He was born a month early in New Haven, Connecticut, on Dec. 7, 1926, during a winter storm while his mother was on a visit to cousins there. They had to place him behind the kitchen stove for warmth.

Raised in Manhattan and the South Bronx, he graduated from William Howard Taft High School and attended City College of New York. In 1960, he married Mary O’Sullivan in Dingle, and they moved to an apartment on Broadway, across from the wide green fields and wooded hills of Van Cortlandt Park, which he often referred to as “heaven,” even from his teenaged years when he’d visit the park for sports.

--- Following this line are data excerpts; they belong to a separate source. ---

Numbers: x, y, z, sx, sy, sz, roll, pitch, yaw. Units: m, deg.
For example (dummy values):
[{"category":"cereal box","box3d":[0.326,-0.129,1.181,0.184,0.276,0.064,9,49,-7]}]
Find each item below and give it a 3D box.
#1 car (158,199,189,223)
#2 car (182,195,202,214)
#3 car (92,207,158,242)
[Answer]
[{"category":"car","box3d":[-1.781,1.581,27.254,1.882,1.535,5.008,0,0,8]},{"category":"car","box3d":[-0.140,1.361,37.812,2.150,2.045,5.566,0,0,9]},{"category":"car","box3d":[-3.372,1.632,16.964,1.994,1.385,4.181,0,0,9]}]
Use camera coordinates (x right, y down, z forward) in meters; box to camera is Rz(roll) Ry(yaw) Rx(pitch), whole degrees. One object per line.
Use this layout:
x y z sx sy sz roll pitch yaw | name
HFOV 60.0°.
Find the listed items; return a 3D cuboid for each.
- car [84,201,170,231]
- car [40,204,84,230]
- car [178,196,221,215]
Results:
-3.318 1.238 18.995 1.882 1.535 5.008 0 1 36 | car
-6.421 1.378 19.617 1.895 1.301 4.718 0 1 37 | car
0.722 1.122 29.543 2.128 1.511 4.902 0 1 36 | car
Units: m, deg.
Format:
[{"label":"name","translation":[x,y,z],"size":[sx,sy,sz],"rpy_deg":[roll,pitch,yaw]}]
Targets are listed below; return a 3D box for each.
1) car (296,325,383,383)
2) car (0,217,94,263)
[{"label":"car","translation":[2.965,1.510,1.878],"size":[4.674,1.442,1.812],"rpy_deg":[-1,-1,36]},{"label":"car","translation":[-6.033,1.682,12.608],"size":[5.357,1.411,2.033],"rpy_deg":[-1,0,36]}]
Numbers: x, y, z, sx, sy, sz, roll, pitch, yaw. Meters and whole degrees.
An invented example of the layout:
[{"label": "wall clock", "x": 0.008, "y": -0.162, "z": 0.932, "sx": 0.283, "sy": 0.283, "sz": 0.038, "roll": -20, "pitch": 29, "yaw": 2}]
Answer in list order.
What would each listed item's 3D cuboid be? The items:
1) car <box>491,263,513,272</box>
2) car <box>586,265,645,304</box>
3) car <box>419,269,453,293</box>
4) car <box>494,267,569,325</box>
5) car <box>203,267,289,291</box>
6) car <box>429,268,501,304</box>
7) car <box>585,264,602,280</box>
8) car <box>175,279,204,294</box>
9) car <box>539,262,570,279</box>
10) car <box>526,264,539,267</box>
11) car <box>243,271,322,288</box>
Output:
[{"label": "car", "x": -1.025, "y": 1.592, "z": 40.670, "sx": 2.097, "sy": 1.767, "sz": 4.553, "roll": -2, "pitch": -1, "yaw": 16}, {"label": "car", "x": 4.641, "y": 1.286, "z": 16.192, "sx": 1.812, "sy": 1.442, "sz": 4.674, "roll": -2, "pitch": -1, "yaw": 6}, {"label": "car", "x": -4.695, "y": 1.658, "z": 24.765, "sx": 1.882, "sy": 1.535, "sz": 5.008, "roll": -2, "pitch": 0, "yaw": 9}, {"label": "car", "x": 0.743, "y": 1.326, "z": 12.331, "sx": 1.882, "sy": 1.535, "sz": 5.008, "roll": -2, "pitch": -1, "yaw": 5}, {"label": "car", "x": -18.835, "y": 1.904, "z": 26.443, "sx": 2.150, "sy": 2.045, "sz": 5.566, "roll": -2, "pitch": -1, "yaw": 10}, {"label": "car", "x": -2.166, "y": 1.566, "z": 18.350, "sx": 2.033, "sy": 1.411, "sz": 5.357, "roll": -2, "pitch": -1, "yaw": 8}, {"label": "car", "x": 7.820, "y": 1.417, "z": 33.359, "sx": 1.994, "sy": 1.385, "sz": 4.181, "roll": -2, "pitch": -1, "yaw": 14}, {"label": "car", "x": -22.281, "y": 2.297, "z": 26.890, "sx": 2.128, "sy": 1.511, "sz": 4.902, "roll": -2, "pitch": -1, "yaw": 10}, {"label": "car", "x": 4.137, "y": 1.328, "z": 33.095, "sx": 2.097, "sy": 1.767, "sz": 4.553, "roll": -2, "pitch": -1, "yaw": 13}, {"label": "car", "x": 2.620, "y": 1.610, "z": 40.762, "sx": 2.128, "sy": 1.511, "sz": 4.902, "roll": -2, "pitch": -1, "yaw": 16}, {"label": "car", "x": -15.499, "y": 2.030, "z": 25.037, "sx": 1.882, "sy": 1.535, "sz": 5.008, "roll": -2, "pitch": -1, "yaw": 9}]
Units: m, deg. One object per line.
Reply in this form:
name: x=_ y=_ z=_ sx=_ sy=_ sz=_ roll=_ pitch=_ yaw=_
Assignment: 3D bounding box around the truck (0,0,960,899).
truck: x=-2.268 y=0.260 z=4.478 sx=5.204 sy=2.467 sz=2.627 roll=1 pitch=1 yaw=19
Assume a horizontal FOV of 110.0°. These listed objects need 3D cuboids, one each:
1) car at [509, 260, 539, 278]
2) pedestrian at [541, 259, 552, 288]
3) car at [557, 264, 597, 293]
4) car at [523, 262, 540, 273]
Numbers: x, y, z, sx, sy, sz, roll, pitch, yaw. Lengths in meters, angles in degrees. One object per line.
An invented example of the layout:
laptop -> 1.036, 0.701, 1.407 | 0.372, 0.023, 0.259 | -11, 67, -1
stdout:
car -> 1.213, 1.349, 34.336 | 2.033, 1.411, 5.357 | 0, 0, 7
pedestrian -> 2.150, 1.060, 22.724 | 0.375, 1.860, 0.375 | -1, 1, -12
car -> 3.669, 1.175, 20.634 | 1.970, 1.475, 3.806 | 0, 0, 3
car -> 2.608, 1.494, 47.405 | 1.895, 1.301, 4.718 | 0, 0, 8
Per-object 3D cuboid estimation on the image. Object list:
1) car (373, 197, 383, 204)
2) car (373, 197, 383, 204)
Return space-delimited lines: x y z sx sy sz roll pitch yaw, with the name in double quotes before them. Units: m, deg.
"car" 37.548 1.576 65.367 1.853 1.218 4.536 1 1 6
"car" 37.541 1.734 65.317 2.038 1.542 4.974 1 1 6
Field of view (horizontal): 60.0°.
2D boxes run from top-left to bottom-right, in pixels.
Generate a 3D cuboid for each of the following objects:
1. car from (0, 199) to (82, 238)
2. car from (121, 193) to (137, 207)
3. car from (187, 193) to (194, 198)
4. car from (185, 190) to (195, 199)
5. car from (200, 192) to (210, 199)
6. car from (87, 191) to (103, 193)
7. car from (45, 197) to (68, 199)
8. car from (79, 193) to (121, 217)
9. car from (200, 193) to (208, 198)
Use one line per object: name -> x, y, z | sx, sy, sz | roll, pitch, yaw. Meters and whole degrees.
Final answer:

He worked for the New York City Housing Authority, starting as a general helper at Dyckman Houses, and retired 38 years later as the chief superintendent of the NYCHA emergency service. He took special pride in coaching his team to complete their degrees, and take and pass promotion exams.

A lifelong runner and track and field enthusiast, he was one of the first few dozen members of the New York Road Runners, and used the Van Cortlandt Park’s tracks, fields and cross-country course hundreds of times a year.

In the era around 1970, he frequently chaperoned his three young sons, together with some neighborhood boys and girls, to the park where he’d coach and play official quarterback for touch football or organize training and time-trial runs in the back hills. The prize for a personal best time was a top-of-the-line 35-cent ice cream from the Good Humor man.

In the era around 1980, he could be seen raking the leaves from Van Cortlandt Park’s back hills cross-country course on key race days so that the runners would be aware of the rocks and holes.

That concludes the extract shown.